Quality and Redundancy Control
If we do all that then we might generate thousands of data products from dozens of domains and yet fall victim to our own success. Many democratized data lakes fell prey to the tragedy of the commons and destroyed their resources. Data meshes run the risk of doing the same. Here again, simple measurements and transparency go a long way.
Which data products haven’t been updated in two months, six months, or a year? Comparing product age to its update frequency service-level objectives helps to prevent false warnings, but just listing old products is a good first step. For example, sales data might be updated every 12 minutes while executive promotions data is updated every 12 weeks. Also, which products have no users or rapidly declining users? Simple approaches like these have been useful in maintaining corporate wikis and apply to data meshes too.
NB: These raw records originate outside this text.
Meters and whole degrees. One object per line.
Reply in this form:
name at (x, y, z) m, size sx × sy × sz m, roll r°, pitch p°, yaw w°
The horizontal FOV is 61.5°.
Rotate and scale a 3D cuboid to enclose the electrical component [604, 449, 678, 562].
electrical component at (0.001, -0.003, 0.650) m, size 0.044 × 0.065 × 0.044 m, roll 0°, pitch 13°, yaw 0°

Data products with many users tend to improve while products with few users tend to deteriorate. Reuse also avoids unnecessary rework and accumulation of tech debt. Thus it’s worthwhile detecting duplicate data products, looking for opportunities to merge them, and consolidate their user bases. Start with tabular data and fuzzy matching to compare data products using Levenshtein distance for column names, Kolmogorov-Smirnov distance for column values, Jaccard index for sets of column names, and Jaccard index for sets of inputs to a data product. Together with a good GUI where administrators and end users can provide feedback (👍👎) by flagging good and bad matches, and machine learning to learn from the feedback, fuzzy matching can help keep your data mesh from becoming bogged down.
Innovation and Adaptation
A third issue that many will need to manage while navigating the cultural change to a data mesh is, “Which data products remain centralized?” Some organizations have a legacy of centralized IT that creates inertia (or dead weight) around centralization, especially in heavily regulated industries such as financial services and healthcare. Again, simplicity and transparency can help overcome this. Consider a case in point from one of our logistics customers. They defined data product risk around three factors: late deliveries, revenue loss, and negative brand impact.
Thresholds and guidelines were published for each, and risk categories created. Then, decentralization rules were agreed to for each category. Domains can do as they please with low risk products, deploying to production any time. Medium risk requires central IT approval, and production high risk products are managed by the central team. They’ll track the number of products in each category and, eventually they hope, use it to track their data mesh maturity. This table summarizes the rules:
Note that these rules are what fit one logistics company this year and are by no means good for everyone. Many mature data companies, for example, no longer even have a high-risk category.
Conclusion
Many large organizations are developing data meshes because data mesh processes are a logical next step in balancing the tech and people of analytics. As meshes start to scale, questions arise on how to operate them. It’s never too early to begin that discussion to prevent building newer and bigger data swamps. Ultimately, a data mesh should be a dynamic ecosystem that fosters innovation and growth while simultaneously providing a robust backbone for company operations. That balance is being achieved by adopting a mindset of measurement and transparency.
The thing which most stood out to us about our conversation with the large retailer was their commitment to making a data mesh cultural shift happen. The data culture team realized they couldn’t “build” a data mesh themselves like one would build a mobile app or ERP implementation. Rather, their role was to measure it, promote it, and help it grow organically.